Pour la sous-facturation des produits exportés, le problème est plus compliqué. Il ne peut pas être réglé par l’instauration de la lettre de crédit irrévocable et confirmée.
« La sous-facturation intervient en amont, au moment de la signature du contrat commercial entre deux partenaires. Le montant figurant dans le contrat de vente et celui tacite, souvent supérieur, sur lequel s’entendent les deux partenaires (vendeur et acheteur), représente le processus de sous-facturation. C’est le montant figurant dans le contrat qui sera transcrit dans la lettre de crédit, et donc le rapatriement est obligatoire. Le prix tacite servira à déterminer l’écart et le transfert de la différence qui ne fera pas l’objet du transfert obligatoire », détaille M. Guendouzi.
Chaque contrat à l’export fait l’objet au préalable d’une domiciliation bancaire, ce qui signifie que le rapatriement des devises figurant dans le contrat domicilié doit être « fait obligatoirement dans les délais », ajoute-t-il.
La lettre de crédit sert « plus à sécuriser » les paiements de l’explorateur par rapport à son client étranger au cas où ce dernier soit « défaillant (décès, faillite,…) ».

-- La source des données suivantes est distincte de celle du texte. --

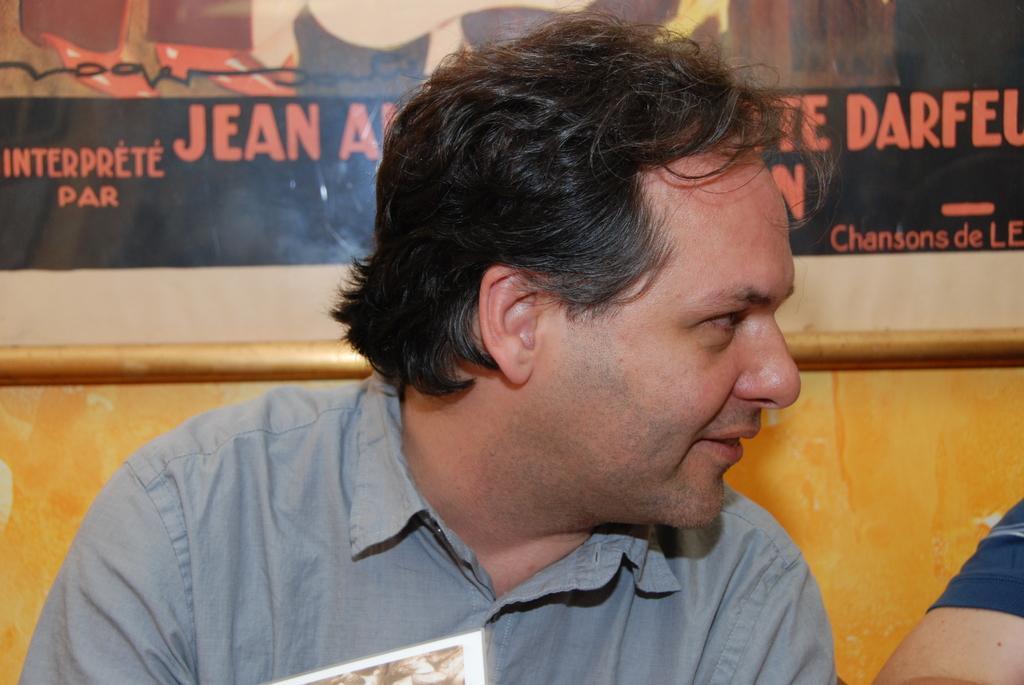In one or two sentences, can you explain what this image depicts? In the picture we can see a man sitting and turning right side and smiling and beside him we can see another person hand and behind the man we can see a wall with a poster and something written on it.

Un problème de patriotisme économique
« La domiciliation bancaire est également un préalable à l’importation. La sous-facturation à l’exportation comme la surfacturation à l’importation, toutes les deux portent sur des tentatives d’accès à la devise à partir des transactions commerciales à l’international », ajoute-t-il.
Les phénomènes de la surfacturation et de la sous-facturation illustrent les limites du patriotisme économique galvaudé par certains opérateurs économiques. Ils représentent les symptômes d’autres problèmes économiques, plus profonds, que le gouvernement devrait traiter et résoudre afin de réduire leur ampleur.